I, too, am very new to this site but have lived with HSV2 for 20 years. Up until my separation 4 years ago and divorce a year and a half ago, I was married. Unfortunately, my ex created a lot of pain and shame for me around my condition. He was mean and harsh when it caused an inconvenience for him and often made me feel dirty and disgusting. That being said, staying married to an abusive jerk seemed easier in my eyes than going out into the dating real world and needing to have "the talk" with many new people that may or may not accept me.

 

Well, I finally realized that being treated like crap by my husband and living in an incredibly unhappy marriage was worse for me and my kids than having to tell someone that I had Herpes. I am not Herpes and it does not define me or change who I am at my core. But I knew that if I stayed in that horrible marriage any longer and I would no longer be me. I would be the shell of who I once was because I would become bitter, angry and unhappy.

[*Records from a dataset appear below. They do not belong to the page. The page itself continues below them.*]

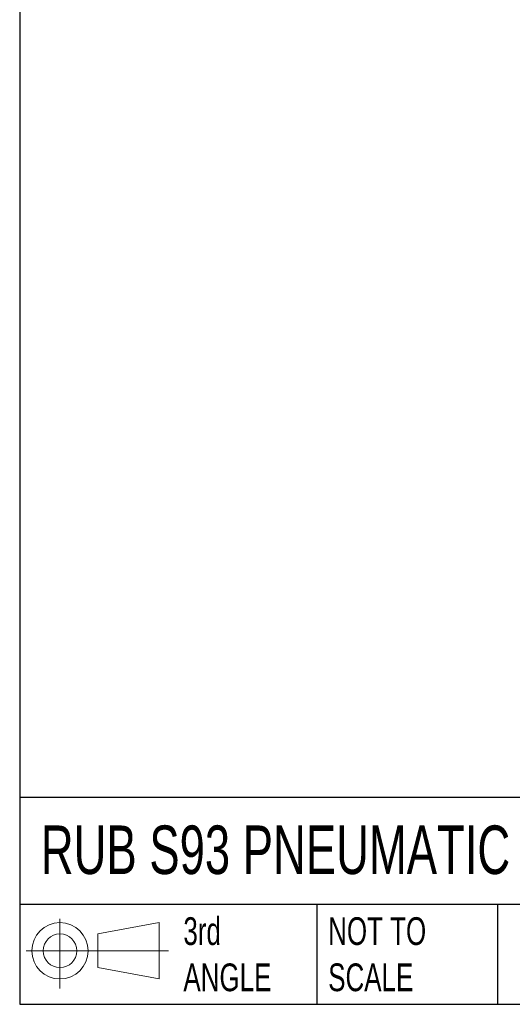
# Model space of a CAD drawing. Header units: inches. Extents: x 0.5 to 21.5, y 0.5 to 16.5.
# Tile 1 of 17: x 0.5 to 3.5, y 0.5 to 6.4. Entities that reach past the tile are written whole.
import ezdxf

# ---------------------------------------------------------------- set-up
doc = ezdxf.new("R2010")
doc.units = ezdxf.units.IN
doc.header["$LTSCALE"] = 2
doc.header["$MEASUREMENT"] = 0
doc.linetypes.add('SLD-Solid', pattern=[0])
doc.layers.add('SLD-DEFPOINTS', color=7, linetype='Continuous')
doc.layers.add('TEXT', color=140, linetype='SLD-Solid', lineweight=25)
doc.styles.add('SLDTEXTSTYLE0', font='TXT', dxfattribs={"width": 0.7})

# ---------------------------------------------------------------- blocks, each defined once
blk = doc.blocks.new('Block11')
at = {"color": 7, "linetype": 'SLD-Solid', "lineweight": 18}
for p, q in [((0.2038, 0.4182), (0.2038, 0)), ((0.4315, 0.3281), (0.8012, 0.3962)), ((0.8012, 0.3962), (0.8012, 0.0576)), ((0.4315, 0.1257), (0.4315, 0.3281)), ((0, 0.2269), (0.8562, 0.2269)), ((0.4315, 0.1257), (0.8012, 0.0576))]:
    blk.add_line(p, q, dxfattribs=at)
for radius in [0.1693, 0.1012]:
    blk.add_circle((0.2038, 0.2269), radius, dxfattribs=at)
blk = doc.blocks.new('Block12')
at = {"layer": 'SLD-DEFPOINTS'}
blk.add_blockref('Block11', (0, 0), dxfattribs=at)

msp = doc.modelspace()

# ---------------------------------------------------------------- linework, layer by layer
at = {"layer": 'TEXT'}
for p, q in [((0.5, 16.5), (0.5, 0.5)), ((21.5, 1.7422), (0.5, 1.7422)), ((21.5, 1.1), (0.5, 1.1)), ((2.287, 1.1), (2.287, 0.5)), ((3.373, 1.1), (3.373, 0.5)), ((0.5, 0.5), (21.5, 0.5))]:
    msp.add_line(p, q, dxfattribs=at)

# ---------------------------------------------------------------- block references
at = {"layer": 'SLD-DEFPOINTS'}
msp.add_blockref('Block12', (0.5384, 0.5948), dxfattribs=at)

# ---------------------------------------------------------------- texts
at = {"layer": 'TEXT', "attachment_point": 1, "style": 'SLDTEXTSTYLE0'}
for s, insert, char_height in [('RUB S93 PNEUMATIC MANUAL BALL VALVE', (0.6272, 1.5749), 0.291667), ('3rd^JANGLE', (1.4843, 1.0234), 0.16667), ('NOT TO^JSCALE', (2.3549, 1.0234), 0.166667)]:
    msp.add_mtext(s, dxfattribs=dict(at, insert=insert, char_height=char_height))

doc.saveas('drawing.dxf')
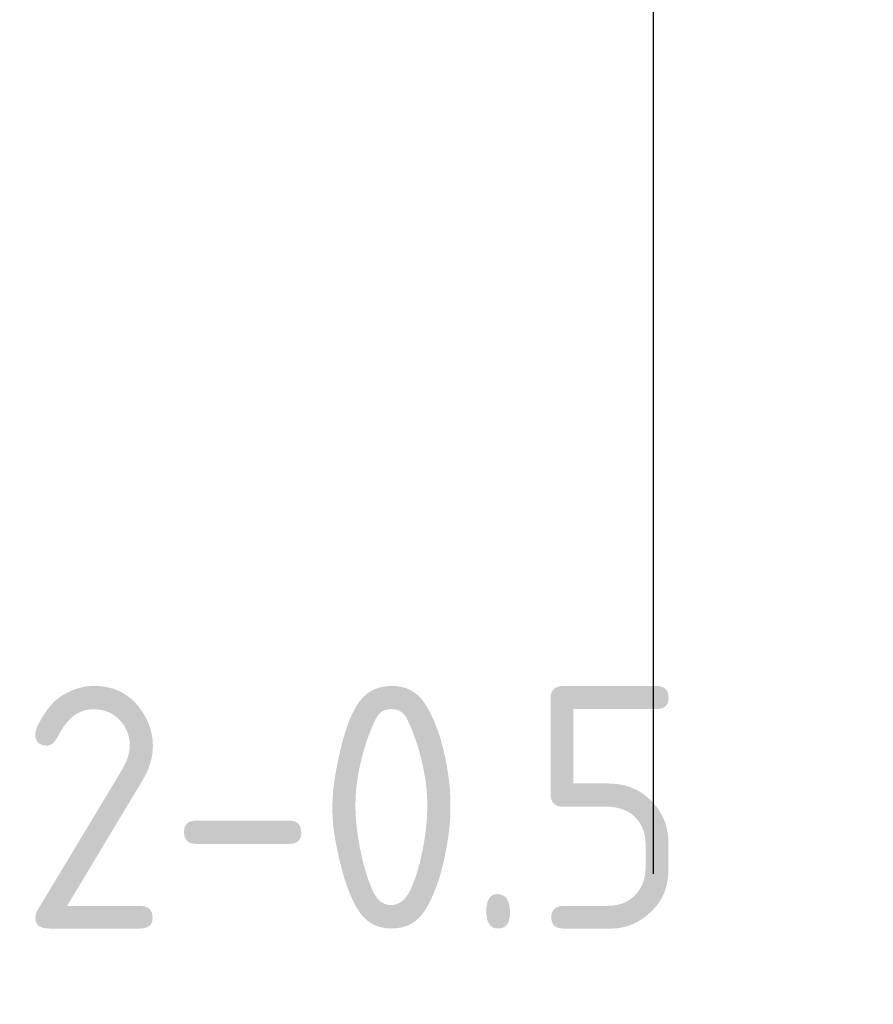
# Model space of a CAD drawing. Extents: x 65 to 270, y 98 to 171.
# Tile 2 of 10: x 90 to 106, y 98 to 116. Entities that reach past the tile are written whole.
import ezdxf

# ---------------------------------------------------------------- set-up
doc = ezdxf.new("R2010")
doc.units = 0
doc.header["$LTSCALE"] = 0.2
doc.layers.get('0').update_dxf_attribs({"linetype": 'CONTINUOUS'})
doc.layers.get('DEFPOINTS').update_dxf_attribs({"linetype": 'CONTINUOUS'})
doc.layers.add('18-0-CON', color=3, linetype='CONTINUOUS')
doc.styles.get("Standard").update_dxf_attribs({"font": 'isocp.shx', "bigfont": 'bigfont.shx'})
doc.dimstyles.get("Standard").update_dxf_attribs({"dimtxt": 0.18, "dimasz": 0.18, "dimexe": 0.18, "dimexo": 0.0625, "dimgap": 0.09, "dimtad": 0, "dimtih": 1, "dimtoh": 1, "dimzin": 0, "dimcen": 0.09, "dimazin": 3, "dimtfac": 1, "dimtofl": 0, "dimtmove": 0, "dimatfit": 3})

# ---------------------------------------------------------------- blocks, each defined once
blk = doc.blocks.new('_OPEN30')
at = {"color": 0, "linetype": 'BYBLOCK'}
for p, q in [((-1, 0.2679), (0, 0)), ((0, 0), (-1, -0.2679)), ((0, 0), (-1, 0))]:
    blk.add_line(p, q, dxfattribs=at)
blk = doc.blocks.new('*D348')
at = {"layer": '18-0-CON', "color": 161}
for p, q in [((101.414, 123.501), (101.414, 126.501)), ((105, 120.501), (99.414, 120.501)), ((101.414, 120.501), (101.414, 120)), ((105, 120), (99.414, 120)), ((101.414, 117), (101.414, 100.099))]:
    blk.add_line(p, q, dxfattribs=at)
at = {"layer": 'DEFPOINTS', "color": 0}
for p in [(105.5, 120.501), (101.414, 120), (105.5, 120)]:
    blk.add_point(p, dxfattribs=at)
at = {"layer": '18-0-CON', "color": 161, "xscale": 3, "yscale": 3, "zscale": 3}
for p, rotation in [((101.414, 120.501), 270), ((101.414, 120), 90)]:
    blk.add_blockref('_OPEN30', p, dxfattribs=dict(at, rotation=rotation))
at = {"layer": '18-0-CON', "color": 161}
blk.add_text('2-0.5', height=4.5, dxfattribs=at).set_placement((89.663, 99.085))

msp = doc.modelspace()

# ---------------------------------------------------------------- dimensions: what is measured, and where the dimension line sits
at = {"layer": '18-0-CON'}
dim = msp.add_linear_dim(base=(101.41398, 120), p1=(105.5, 120.50146), p2=(105.5, 120), angle=90, dimstyle='Standard', override={"dimscale": 1, "dimdec": 1, "dimpost": '2-<>', "dimblk": 'OPEN30', "dimtol": 0, "dimtp": 0.1, "dimtm": 0, "dimtdec": 4, "dimtmove": 0, "dimtzin": 0}, dxfattribs=at)
dim.commit()
dim.dimension.update_dxf_attribs({"geometry": '*D348', "text_midpoint": (98.66354, 107.04967)})

doc.saveas('drawing.dxf')

At least by leaving, my soul can be at peace, my heart can be full of love even if only for myself and my kids and I can find true joy in each day. Yes - it sucks to have to tell people and to have to deal with this inconvenient skin condition BUT like Dancer says it is a great way to weed out the men that wouldn't stick around anyway or want to be with you for the wrong reasons.

 

I pray you decide what to do with your marriage and I hope it all works out for you, but please don't allow having Herpes keep you in an unhealthy or unhappy marriage. Everyone deserves to be happy and loved even if we have Herpes!!